AMD Ryzen 7 5800X3D On Linux: Not For Gaming, But Very Exciting For Other Workloads

Collapse
X
 
  • Filter
  • Time
  • Show
Clear All
new posts

  • #31
    Originally posted by nicalandia View Post

    LZ4 Does not appear to take advantage of the 3D V-Cache

    LZ4.jpg
    LZ4 is very cache friendly. It reads through its input buffer and coppies that to the output buffer and occasionally reads back a little bit in the output buffer and coppies that to the current end of the output buffer. This makes it very tolerant of cache eviction, etc. It's very easy for simple fetch predictors to keep up with the way LZ4 accesses memory. Other compression programs use different methods with much larger cache footprints, but LZ4 is not one of them. It's suitable for microcontrollers, etc. If you have enough memory for the input buffer and the output buffer, you can do LZ4 without extra storage. You can't do that with BZ2 or other transform based systems.

    Originally posted by Raka555,n1320985
    Being a bit pedantic here but the app don't "take advantage" of larger cache.
    It is more like bloated apps that require larger caches.

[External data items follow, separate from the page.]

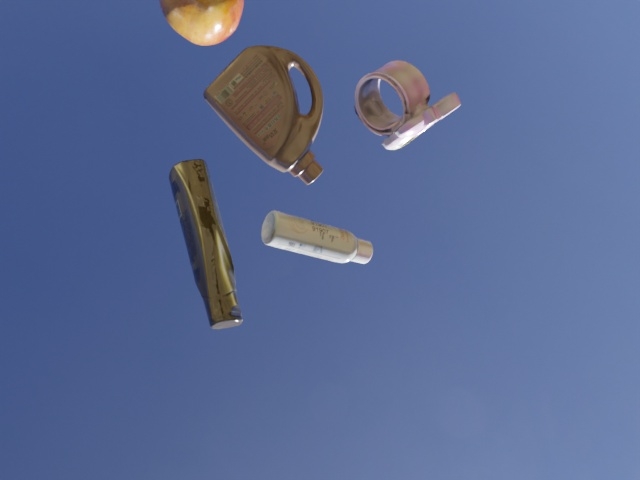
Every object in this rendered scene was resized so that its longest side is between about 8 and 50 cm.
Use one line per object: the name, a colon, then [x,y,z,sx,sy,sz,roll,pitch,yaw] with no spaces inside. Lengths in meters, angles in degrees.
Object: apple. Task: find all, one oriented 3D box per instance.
apple: [-0.314,-0.668,1.594,0.242,0.241,0.241,1,-92,-22]

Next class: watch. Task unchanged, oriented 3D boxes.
watch: [0.209,-0.377,1.591,0.211,0.248,0.217,-37,-88,-33]

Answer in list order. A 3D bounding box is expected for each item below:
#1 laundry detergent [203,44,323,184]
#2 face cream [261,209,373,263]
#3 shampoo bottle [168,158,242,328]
laundry detergent: [-0.063,-0.220,1.002,0.237,0.076,0.171,43,-84,-12]
face cream: [0.000,0.000,1.340,0.269,0.082,0.081,14,-128,-29]
shampoo bottle: [-0.231,0.009,1.189,0.084,0.125,0.349,-10,-112,-22]
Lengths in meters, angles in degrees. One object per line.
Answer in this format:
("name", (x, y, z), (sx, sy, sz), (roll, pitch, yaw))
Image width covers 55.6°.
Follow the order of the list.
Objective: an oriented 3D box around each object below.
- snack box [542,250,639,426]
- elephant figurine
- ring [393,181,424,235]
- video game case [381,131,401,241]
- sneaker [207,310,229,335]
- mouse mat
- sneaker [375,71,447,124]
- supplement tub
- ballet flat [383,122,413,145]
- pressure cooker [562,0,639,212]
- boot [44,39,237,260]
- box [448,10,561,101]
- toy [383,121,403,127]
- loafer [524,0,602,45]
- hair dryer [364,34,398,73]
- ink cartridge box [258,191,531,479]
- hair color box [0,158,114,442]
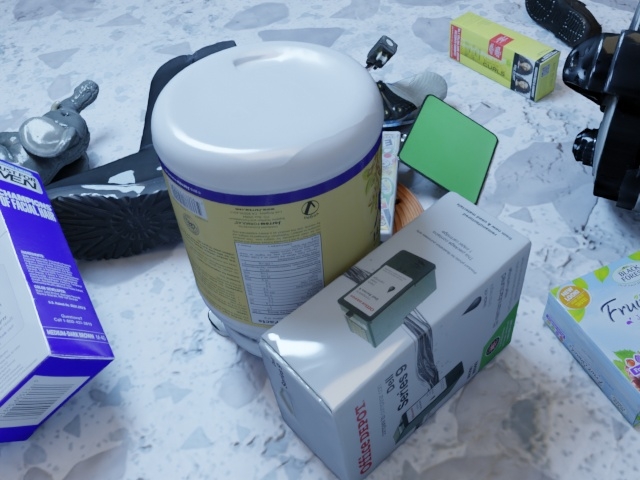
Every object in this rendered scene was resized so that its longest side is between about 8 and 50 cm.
("snack box", (0.414, 0.102, 0.747), (0.206, 0.070, 0.175), (-20, 48, -10))
("elephant figurine", (-0.487, -0.168, 1.089), (0.239, 0.186, 0.169), (-23, 15, -11))
("ring", (0.000, 0.000, 0.941), (0.336, 0.032, 0.337), (-6, 47, 6))
("video game case", (0.008, -0.092, 0.966), (0.226, 0.026, 0.207), (2, 56, 11))
("sneaker", (-0.116, 0.116, 0.844), (0.109, 0.044, 0.040), (24, 57, 30))
("mouse mat", (0.216, -0.155, 1.012), (0.152, 0.007, 0.190), (32, 52, -4))
("sneaker", (0.132, -0.240, 1.076), (0.237, 0.086, 0.085), (-22, 77, -37))
("supplement tub", (-0.047, -0.034, 0.721), (0.240, 0.332, 0.241), (-2, 46, 2))
("ballet flat", (0.105, -0.159, 1.046), (0.203, 0.074, 0.074), (-10, 46, -3))
("pressure cooker", (0.537, -0.192, 0.797), (0.420, 0.370, 0.376), (17, 63, 25))
("boot", (-0.306, -0.185, 1.085), (0.366, 0.146, 0.446), (-7, 48, 0))
("box", (0.350, -0.361, 1.178), (0.058, 0.087, 0.232), (-31, 51, -18))
("toy", (0.050, -0.278, 1.172), (0.237, 0.056, 0.137), (10, 51, 18))
("loafer", (0.509, -0.478, 1.277), (0.078, 0.080, 0.220), (-3, 53, -25))
("hair dryer", (-0.021, -0.256, 1.050), (0.223, 0.080, 0.293), (-44, 14, -32))
("ink cartridge box", (0.091, 0.116, 0.695), (0.289, 0.211, 0.121), (-36, 53, -21))
("hair color box", (-0.420, 0.069, 0.800), (0.185, 0.110, 0.339), (-40, 64, 14))

    If LZ4 was well written, then you won't see much of a boost.
    You're speaking in the context of compression programs here and you are dead wrong. Saying that a compression program is using too much memory is like saying that an algorythm is lazy because it didn't find a way to solve the Traveling Salesman problem in polynomial time. I don't want to quote the Cat in the Hat, but he's right.

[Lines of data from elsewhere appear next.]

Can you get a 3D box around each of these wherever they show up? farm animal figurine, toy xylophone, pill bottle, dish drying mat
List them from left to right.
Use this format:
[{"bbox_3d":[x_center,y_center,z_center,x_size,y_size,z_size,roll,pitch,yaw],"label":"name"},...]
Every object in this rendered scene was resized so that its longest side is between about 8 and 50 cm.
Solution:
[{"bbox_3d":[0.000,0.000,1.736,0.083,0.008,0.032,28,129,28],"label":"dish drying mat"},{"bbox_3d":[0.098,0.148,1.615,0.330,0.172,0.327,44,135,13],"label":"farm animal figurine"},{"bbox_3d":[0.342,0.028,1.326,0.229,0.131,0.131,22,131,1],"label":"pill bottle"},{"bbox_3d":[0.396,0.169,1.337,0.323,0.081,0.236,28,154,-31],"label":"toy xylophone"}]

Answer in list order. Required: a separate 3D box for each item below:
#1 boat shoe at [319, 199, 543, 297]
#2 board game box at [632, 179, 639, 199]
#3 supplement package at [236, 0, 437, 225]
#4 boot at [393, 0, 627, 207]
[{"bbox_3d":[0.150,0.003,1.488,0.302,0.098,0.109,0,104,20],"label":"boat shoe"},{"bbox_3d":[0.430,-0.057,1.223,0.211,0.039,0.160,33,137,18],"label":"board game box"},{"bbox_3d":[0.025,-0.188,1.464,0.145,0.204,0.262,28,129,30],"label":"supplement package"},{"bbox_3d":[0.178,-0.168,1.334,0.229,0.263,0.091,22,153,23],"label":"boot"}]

    To address your overly pedantic opinion, a program is well written if it takes advantage of the hardware on which it runs. LZ4 doesn't happen to be able to do that as it's already fully satisfied by even a basic processor, but that's because it's designed for a little processor. Honestly, it's a bit silly to be using it as a benchmark in this way. It's about as good of a benchmark as 'grep /proc/cpuinfo "cpu MHz"'

    Comment


    • #32
      I would be interested to see how it compares to the 5900X on the professional workloads, given they are the same price.

      Comment


      • #33
        That's the benchmark I was looking for. Especially Openfoam and other HPC workloads are benefitting alot.

        Comment


        • #34
          Originally posted by skeevy420 View Post

          Zstd as well. Like Michael points out in the article, that probably had good benefits for file systems using Zstd for compression. I wonder if LZ4, XZ, and other codecs get performance improvements as well.
          Likely depends on the dictionary size and if it fits in cache. More cache makes a dictionary more efficient. Zstd can have a very large dictionary.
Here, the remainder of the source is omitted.